Gesunde, üppig blühende Pfingstrosen sind Pflanzen, die auch alleinstehend schon sehr viel Zierde in den Garten bringen. Geschickt kombiniert mit Stauden oder Sträuchern, die ähnliche Ansprüche an den Standort, Boden und Pflege haben, erzählt das Arrangement aber eine Geschichte über ihre Besitzer und ihre Kreativität. Denn letzterer kann man mit Pfingstrosen wunderbar freien Lauf lassen – ob im romantischen, verspielten Cottage-Garten oder im moderner Stil mit eher aufgeräumten Beeten und klaren Linien und Farbvorgaben. Ein wenig wählerisch sollte man bei der Auswahl der Beetnachbarn allerdings sein, denn um gesunde Pflanzen zu haben, müssen sich alle gut miteinander vertragen.

Beetpartner sollten Sonne und einen humosen Boden lieben

Storchschnabel, Allium und Pfingstrosen sind drei, die sich gut vertragen – und farblich sehr harmonisch wirken.

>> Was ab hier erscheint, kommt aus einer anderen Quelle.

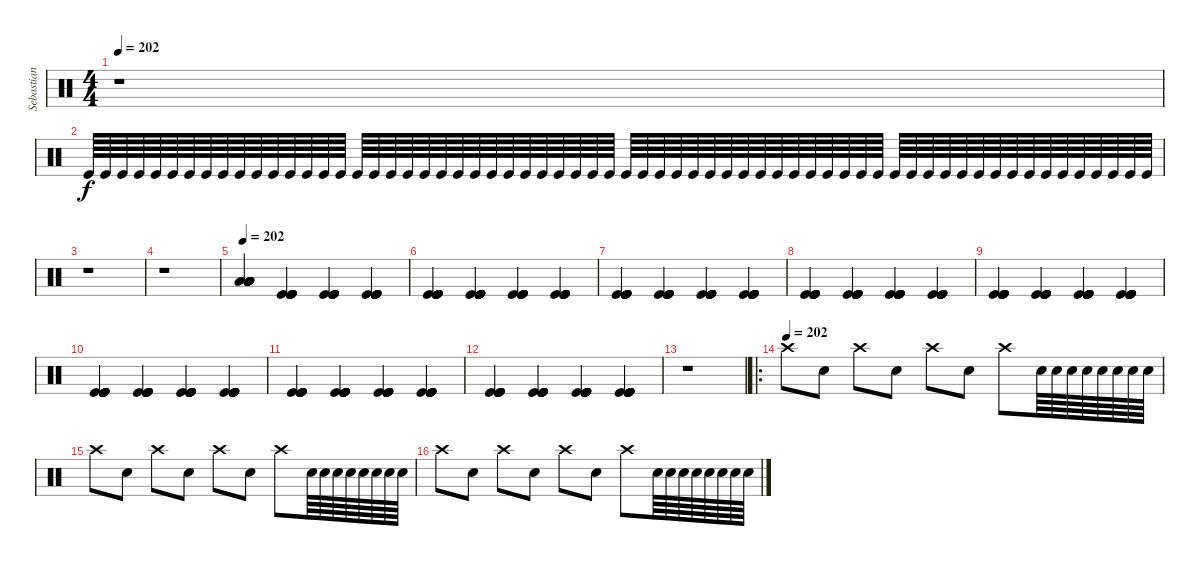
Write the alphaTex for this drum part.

\track ("Sebastian" "Sebastian") {instrument percussion}
\staff {score}
\articulation defaults
\ts (4 4)
\tempo 202
\clef neutral
\ks c
r.1{dy f} |
"Kick (hit)".64 "Kick (hit)".64 "Kick (hit)".64 "Kick (hit)".64 "Kick (hit)".64 "Kick (hit)".64 "Kick (hit)".64 "Kick (hit)".64 "Kick (hit)".64 "Kick (hit)".64 "Kick (hit)".64 "Kick (hit)".64 "Kick (hit)".64 "Kick (hit)".64 "Kick (hit)".64 "Kick (hit)".64 "Kick (hit)".64 "Kick (hit)".64 "Kick (hit)".64 "Kick (hit)".64 "Kick (hit)".64 "Kick (hit)".64 "Kick (hit)".64 "Kick (hit)".64 "Kick (hit)".64 "Kick (hit)".64 "Kick (hit)".64 "Kick (hit)".64 "Kick (hit)".64 "Kick (hit)".64 "Kick (hit)".64 "Kick (hit)".64 "Kick (hit)".64 "Kick (hit)".64 "Kick (hit)".64 "Kick (hit)".64 "Kick (hit)".64 "Kick (hit)".64 "Kick (hit)".64 "Kick (hit)".64 "Kick (hit)".64 "Kick (hit)".64 "Kick (hit)".64 "Kick (hit)".64 "Kick (hit)".64 "Kick (hit)".64 "Kick (hit)".64 "Kick (hit)".64 "Kick (hit)".64 "Kick (hit)".64 "Kick (hit)".64 "Kick (hit)".64 "Kick (hit)".64 "Kick (hit)".64 "Kick (hit)".64 "Kick (hit)".64 "Kick (hit)".64 "Kick (hit)".64 "Kick (hit)".64 "Kick (hit)".64 "Kick (hit)".64 "Kick (hit)".64 "Kick (hit)".64 "Kick (hit)".64 |
r.1 |
r.1 |
\tempo 202
("Low Floor Tom (hit)" "Low Floor Tom (hit)" "Low Floor Tom (hit)" "Low Floor Tom (hit)" "Low Floor Tom (hit)" "Low Floor Tom (hit)").4 ("Kick (hit)" "Kick (hit)" "Kick (hit)" "Kick (hit)" "Kick (hit)" "Kick (hit)").4 ("Kick (hit)" "Kick (hit)" "Kick (hit)" "Kick (hit)" "Kick (hit)" "Kick (hit)").4 ("Kick (hit)" "Kick (hit)" "Kick (hit)" "Kick (hit)" "Kick (hit)" "Kick (hit)").4 |
("Kick (hit)" "Kick (hit)" "Kick (hit)" "Kick (hit)" "Kick (hit)" "Kick (hit)").4 ("Kick (hit)" "Kick (hit)" "Kick (hit)" "Kick (hit)" "Kick (hit)" "Kick (hit)").4 ("Kick (hit)" "Kick (hit)" "Kick (hit)" "Kick (hit)" "Kick (hit)" "Kick (hit)").4 ("Kick (hit)" "Kick (hit)" "Kick (hit)" "Kick (hit)" "Kick (hit)" "Kick (hit)").4 |
("Kick (hit)" "Kick (hit)" "Kick (hit)" "Kick (hit)" "Kick (hit)" "Kick (hit)").4 ("Kick (hit)" "Kick (hit)" "Kick (hit)" "Kick (hit)" "Kick (hit)" "Kick (hit)").4 ("Kick (hit)" "Kick (hit)" "Kick (hit)" "Kick (hit)" "Kick (hit)" "Kick (hit)").4 ("Kick (hit)" "Kick (hit)" "Kick (hit)" "Kick (hit)" "Kick (hit)" "Kick (hit)").4 |
("Kick (hit)" "Kick (hit)" "Kick (hit)" "Kick (hit)" "Kick (hit)" "Kick (hit)").4 ("Kick (hit)" "Kick (hit)" "Kick (hit)" "Kick (hit)" "Kick (hit)" "Kick (hit)").4 ("Kick (hit)" "Kick (hit)" "Kick (hit)" "Kick (hit)" "Kick (hit)" "Kick (hit)").4 ("Kick (hit)" "Kick (hit)" "Kick (hit)" "Kick (hit)" "Kick (hit)" "Kick (hit)").4 |
("Kick (hit)" "Kick (hit)" "Kick (hit)" "Kick (hit)" "Kick (hit)" "Kick (hit)").4 ("Kick (hit)" "Kick (hit)" "Kick (hit)" "Kick (hit)" "Kick (hit)" "Kick (hit)").4 ("Kick (hit)" "Kick (hit)" "Kick (hit)" "Kick (hit)" "Kick (hit)" "Kick (hit)").4 ("Kick (hit)" "Kick (hit)" "Kick (hit)" "Kick (hit)" "Kick (hit)" "Kick (hit)").4 |
("Kick (hit)" "Kick (hit)" "Kick (hit)" "Kick (hit)" "Kick (hit)" "Kick (hit)").4 ("Kick (hit)" "Kick (hit)" "Kick (hit)" "Kick (hit)" "Kick (hit)" "Kick (hit)").4 ("Kick (hit)" "Kick (hit)" "Kick (hit)" "Kick (hit)" "Kick (hit)" "Kick (hit)").4 ("Kick (hit)" "Kick (hit)" "Kick (hit)" "Kick (hit)" "Kick (hit)" "Kick (hit)").4 |
("Kick (hit)" "Kick (hit)" "Kick (hit)" "Kick (hit)" "Kick (hit)" "Kick (hit)").4 ("Kick (hit)" "Kick (hit)" "Kick (hit)" "Kick (hit)" "Kick (hit)" "Kick (hit)").4 ("Kick (hit)" "Kick (hit)" "Kick (hit)" "Kick (hit)" "Kick (hit)" "Kick (hit)").4 ("Kick (hit)" "Kick (hit)" "Kick (hit)" "Kick (hit)" "Kick (hit)" "Kick (hit)").4 |
("Kick (hit)" "Kick (hit)" "Kick (hit)" "Kick (hit)" "Kick (hit)" "Kick (hit)").4 ("Kick (hit)" "Kick (hit)" "Kick (hit)" "Kick (hit)" "Kick (hit)" "Kick (hit)").4 ("Kick (hit)" "Kick (hit)" "Kick (hit)" "Kick (hit)" "Kick (hit)" "Kick (hit)").4 ("Kick (hit)" "Kick (hit)" "Kick (hit)" "Kick (hit)" "Kick (hit)" "Kick (hit)").4 |
r.1 |
\ro
\tempo (202)
"Crash high (hit)".8 "Electric Snare (hit)".8 "Crash high (hit)".8 "Electric Snare (hit)".8 "Crash high (hit)".8 "Electric Snare (hit)".8 "Crash high (hit)".8 "Electric Snare (hit)".64 "Electric Snare (hit)".64 "Electric Snare (hit)".64 "Electric Snare (hit)".64 "Electric Snare (hit)".64 "Electric Snare (hit)".64 "Electric Snare (hit)".64 "Electric Snare (hit)".64 |
"Crash high (hit)".8 "Electric Snare (hit)".8 "Crash high (hit)".8 "Electric Snare (hit)".8 "Crash high (hit)".8 "Electric Snare (hit)".8 "Crash high (hit)".8 "Electric Snare (hit)".64 "Electric Snare (hit)".64 "Electric Snare (hit)".64 "Electric Snare (hit)".64 "Electric Snare (hit)".64 "Electric Snare (hit)".64 "Electric Snare (hit)".64 "Electric Snare (hit)".64 |
"Crash high (hit)".8 "Electric Snare (hit)".8 "Crash high (hit)".8 "Electric Snare (hit)".8 "Crash high (hit)".8 "Electric Snare (hit)".8 "Crash high (hit)".8 "Electric Snare (hit)".64 "Electric Snare (hit)".64 "Electric Snare (hit)".64 "Electric Snare (hit)".64 "Electric Snare (hit)".64 "Electric Snare (hit)".64 "Electric Snare (hit)".64 "Electric Snare (hit)".64

Eins vorab: Pfingstrosen (Päonien) werden nicht gerne umgepflanzt und bestrafen solche Vorhaben schonmal mit ausbleibender Blüte für die nächsten zwei bis drei Jahre. Wenn Sie also nicht gerade ein Beet mit neuen Pflanzen bestücken, sollten sich die künftigen Beetnachbarn am besten um die bestehenden Pfingstrosen versammeln und nicht umgekehrt. Pfingstrosen bevorzugen einen sonnigen Standort, der darf aber auch halbschattig sein. Außerdem mögen sie einen nährstoffreichen, durchlässigen Boden mit einem schwach sauren pH-Wert von 5,5 bis 6. Die für eine Kombination gewählten Sträucher und Stauden sollten ähnliche Voraussetzungen erfüllen.

Nun muss nur noch die Entscheidung fallen, ob alle Pflanzen im Beet zur gleichen Zeit blühen sollen, oder ob rund ums Jahr andere Stauden ihre Blüten entfalten. Die Pfingstrosen selbst blühen je nach Sorte etwa von Mitte April bis Mitte Juni.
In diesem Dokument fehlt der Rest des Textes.